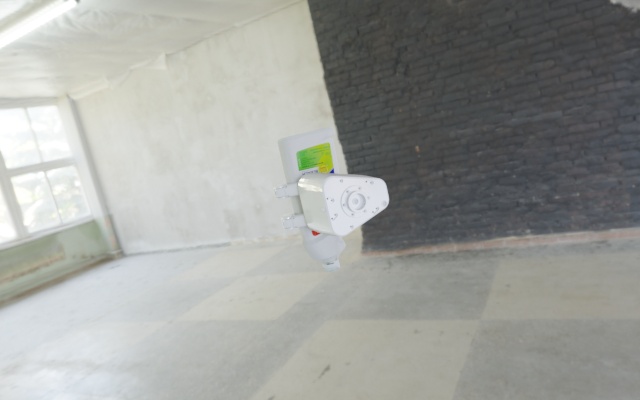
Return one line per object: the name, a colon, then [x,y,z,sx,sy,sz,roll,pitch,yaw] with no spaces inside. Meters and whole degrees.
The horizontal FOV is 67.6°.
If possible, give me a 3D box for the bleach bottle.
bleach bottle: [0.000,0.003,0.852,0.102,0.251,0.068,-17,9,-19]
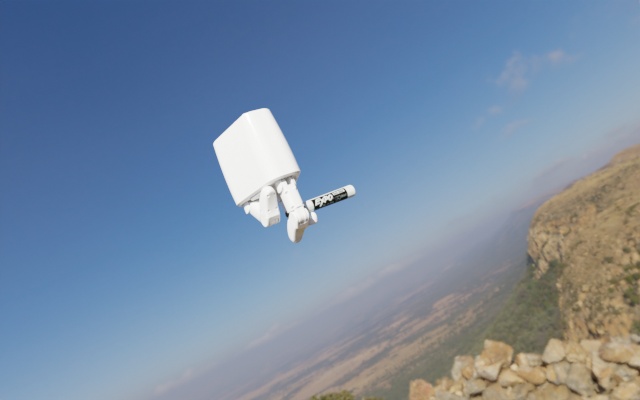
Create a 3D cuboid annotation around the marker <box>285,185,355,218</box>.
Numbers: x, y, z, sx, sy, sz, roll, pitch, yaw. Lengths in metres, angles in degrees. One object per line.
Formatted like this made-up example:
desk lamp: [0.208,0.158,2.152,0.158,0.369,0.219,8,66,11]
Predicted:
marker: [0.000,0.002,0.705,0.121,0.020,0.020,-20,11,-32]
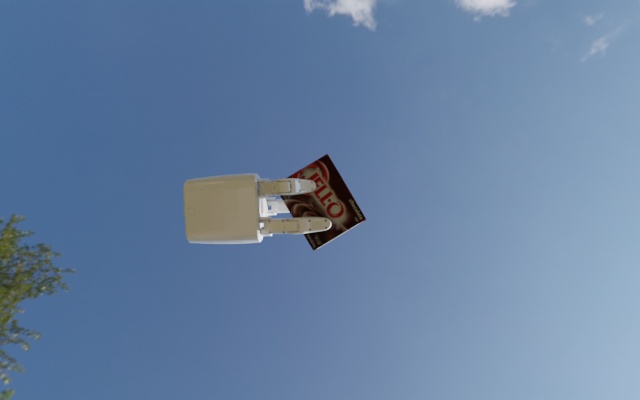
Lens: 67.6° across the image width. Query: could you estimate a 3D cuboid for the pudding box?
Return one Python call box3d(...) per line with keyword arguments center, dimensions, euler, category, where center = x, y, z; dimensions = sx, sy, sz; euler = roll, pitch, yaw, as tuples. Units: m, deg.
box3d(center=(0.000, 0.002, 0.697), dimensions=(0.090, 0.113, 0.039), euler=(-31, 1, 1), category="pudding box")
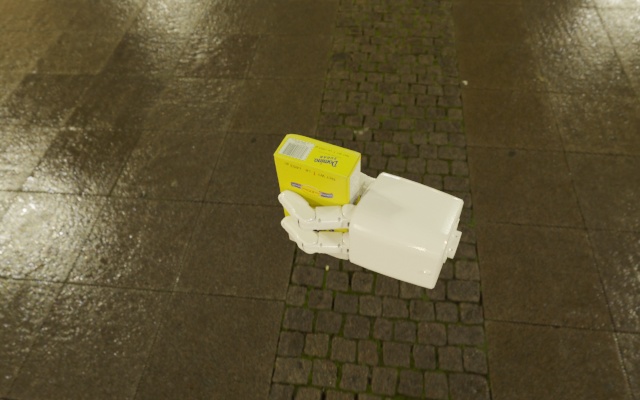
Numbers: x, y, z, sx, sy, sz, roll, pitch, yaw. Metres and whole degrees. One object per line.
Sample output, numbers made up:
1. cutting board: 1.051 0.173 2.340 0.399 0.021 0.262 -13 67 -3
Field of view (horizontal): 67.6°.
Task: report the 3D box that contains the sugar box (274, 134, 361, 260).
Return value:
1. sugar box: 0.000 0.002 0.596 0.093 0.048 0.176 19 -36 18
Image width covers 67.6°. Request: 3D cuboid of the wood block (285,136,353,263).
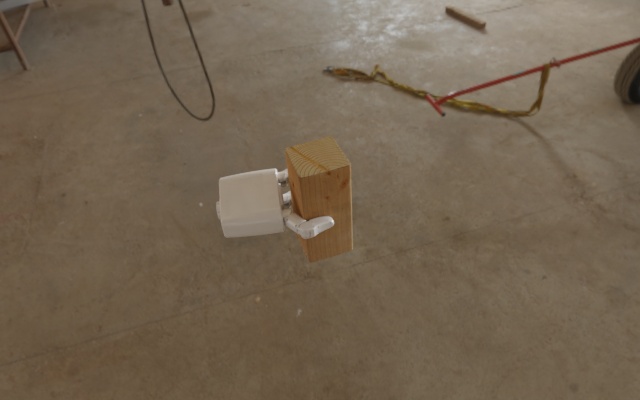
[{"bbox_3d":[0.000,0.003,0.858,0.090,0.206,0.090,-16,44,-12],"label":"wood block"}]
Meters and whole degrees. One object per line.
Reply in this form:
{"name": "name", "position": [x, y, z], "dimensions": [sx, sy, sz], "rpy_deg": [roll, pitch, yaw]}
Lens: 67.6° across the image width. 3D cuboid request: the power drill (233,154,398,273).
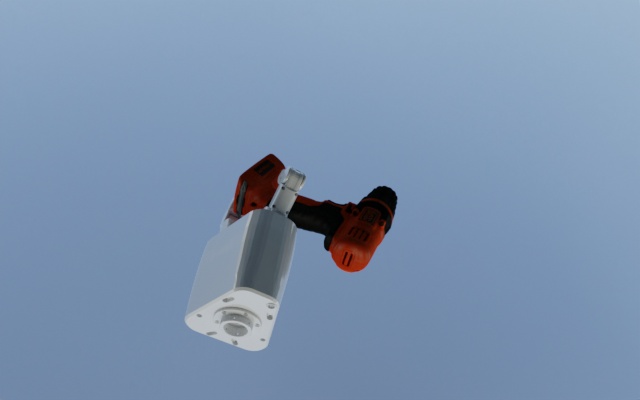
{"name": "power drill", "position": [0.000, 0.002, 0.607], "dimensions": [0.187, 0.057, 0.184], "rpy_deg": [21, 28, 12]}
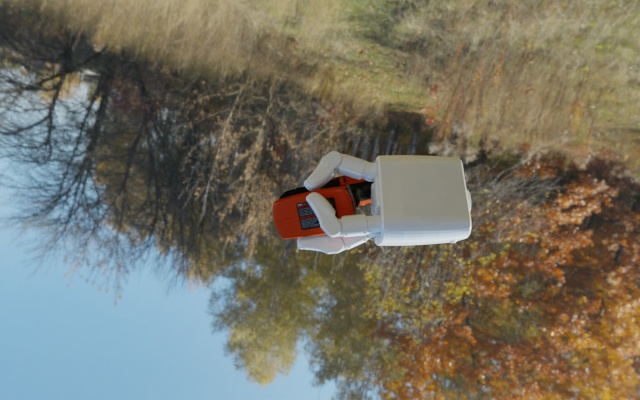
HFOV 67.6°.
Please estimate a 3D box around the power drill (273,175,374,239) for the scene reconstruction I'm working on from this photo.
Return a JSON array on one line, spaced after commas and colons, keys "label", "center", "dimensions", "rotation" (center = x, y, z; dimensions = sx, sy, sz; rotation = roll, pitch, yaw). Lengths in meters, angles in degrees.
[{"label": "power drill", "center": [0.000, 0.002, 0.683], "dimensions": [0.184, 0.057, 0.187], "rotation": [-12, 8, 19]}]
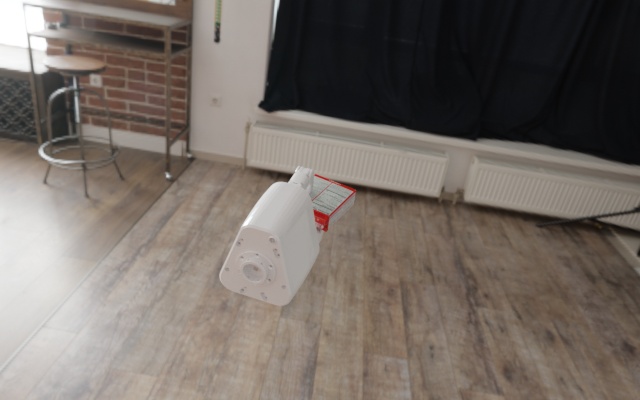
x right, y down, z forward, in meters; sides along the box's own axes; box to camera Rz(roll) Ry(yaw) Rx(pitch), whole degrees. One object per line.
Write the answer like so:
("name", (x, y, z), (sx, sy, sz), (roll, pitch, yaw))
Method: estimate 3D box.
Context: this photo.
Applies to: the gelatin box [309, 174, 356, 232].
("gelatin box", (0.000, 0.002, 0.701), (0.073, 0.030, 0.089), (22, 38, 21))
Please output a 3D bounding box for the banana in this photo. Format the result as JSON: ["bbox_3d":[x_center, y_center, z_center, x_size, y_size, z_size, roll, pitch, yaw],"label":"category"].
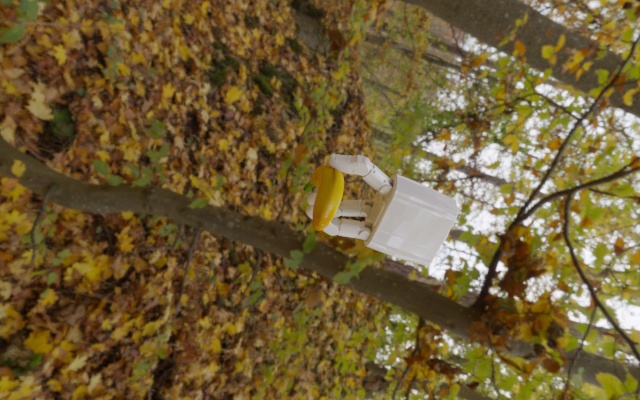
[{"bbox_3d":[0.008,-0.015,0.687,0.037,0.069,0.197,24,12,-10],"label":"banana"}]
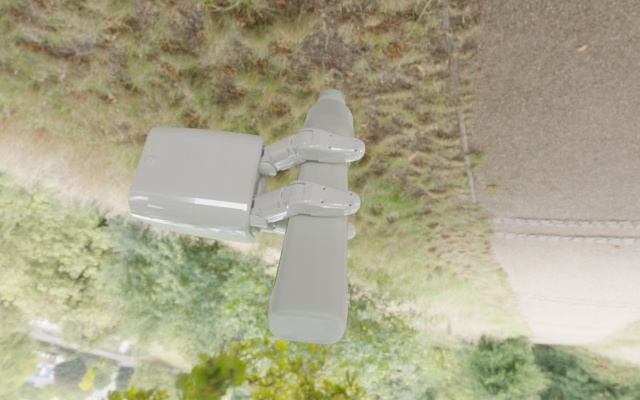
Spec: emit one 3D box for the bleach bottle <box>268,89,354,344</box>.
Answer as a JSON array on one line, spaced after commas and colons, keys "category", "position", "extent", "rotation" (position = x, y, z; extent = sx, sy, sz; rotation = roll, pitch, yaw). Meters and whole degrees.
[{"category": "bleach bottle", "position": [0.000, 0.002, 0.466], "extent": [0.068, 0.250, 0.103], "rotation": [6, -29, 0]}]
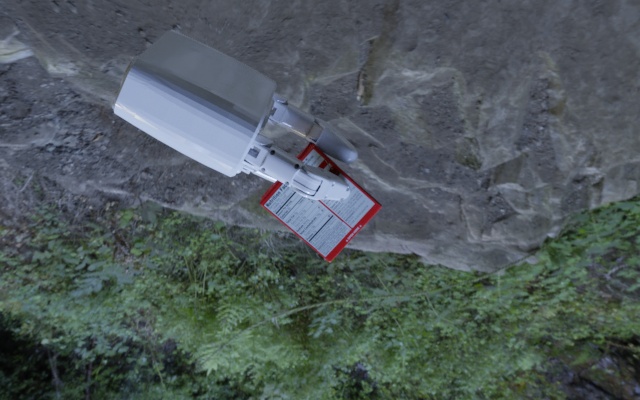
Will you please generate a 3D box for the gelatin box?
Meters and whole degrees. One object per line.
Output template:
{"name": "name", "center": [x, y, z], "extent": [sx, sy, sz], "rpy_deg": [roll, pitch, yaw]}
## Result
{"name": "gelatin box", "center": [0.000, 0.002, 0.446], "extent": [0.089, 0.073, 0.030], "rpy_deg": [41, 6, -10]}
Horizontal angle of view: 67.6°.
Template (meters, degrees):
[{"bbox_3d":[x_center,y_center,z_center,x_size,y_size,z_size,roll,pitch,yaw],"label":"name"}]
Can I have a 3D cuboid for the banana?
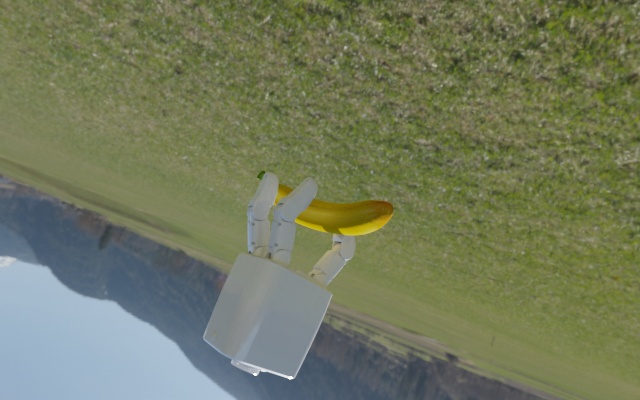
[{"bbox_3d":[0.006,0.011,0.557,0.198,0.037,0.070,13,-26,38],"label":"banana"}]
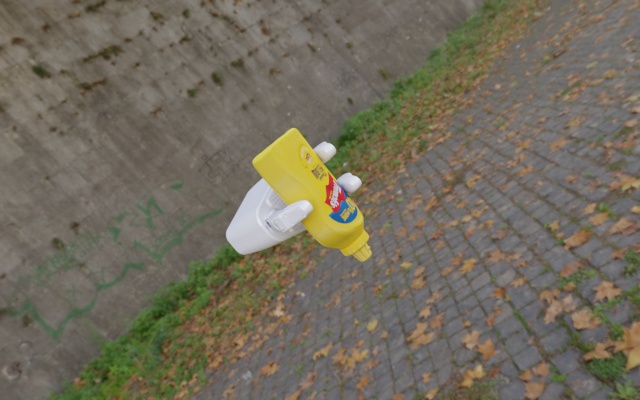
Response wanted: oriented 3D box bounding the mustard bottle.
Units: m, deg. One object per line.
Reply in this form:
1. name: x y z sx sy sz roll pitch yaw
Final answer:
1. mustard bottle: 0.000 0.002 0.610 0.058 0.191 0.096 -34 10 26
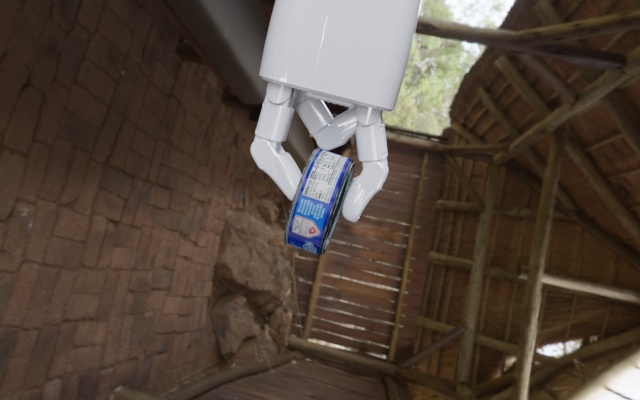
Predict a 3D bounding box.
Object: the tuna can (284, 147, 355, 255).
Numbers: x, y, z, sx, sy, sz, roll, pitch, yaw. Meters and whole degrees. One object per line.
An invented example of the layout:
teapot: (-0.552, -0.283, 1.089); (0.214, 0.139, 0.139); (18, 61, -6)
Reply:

--

• [Task instructions]:
Look above for the line holding "Method: estimate 3D box." and output everything from it down to the line holding "Spec: emit one", both ends included, exactly and without images.

• [Exercise response]:
Method: estimate 3D box.
Context: this photo.
Applies to: the gelatin box [309, 174, 356, 232].
("gelatin box", (0.000, 0.002, 0.701), (0.073, 0.030, 0.089), (22, 38, 21))
Please output a 3D bounding box for the banana in this photo. Format the result as JSON: ["bbox_3d":[x_center, y_center, z_center, x_size, y_size, z_size, roll, pitch, yaw],"label":"category"].
[{"bbox_3d":[0.008,-0.015,0.687,0.037,0.069,0.197,24,12,-10],"label":"banana"}]
Spec: emit one 3D box for the bleach bottle <box>268,89,354,344</box>.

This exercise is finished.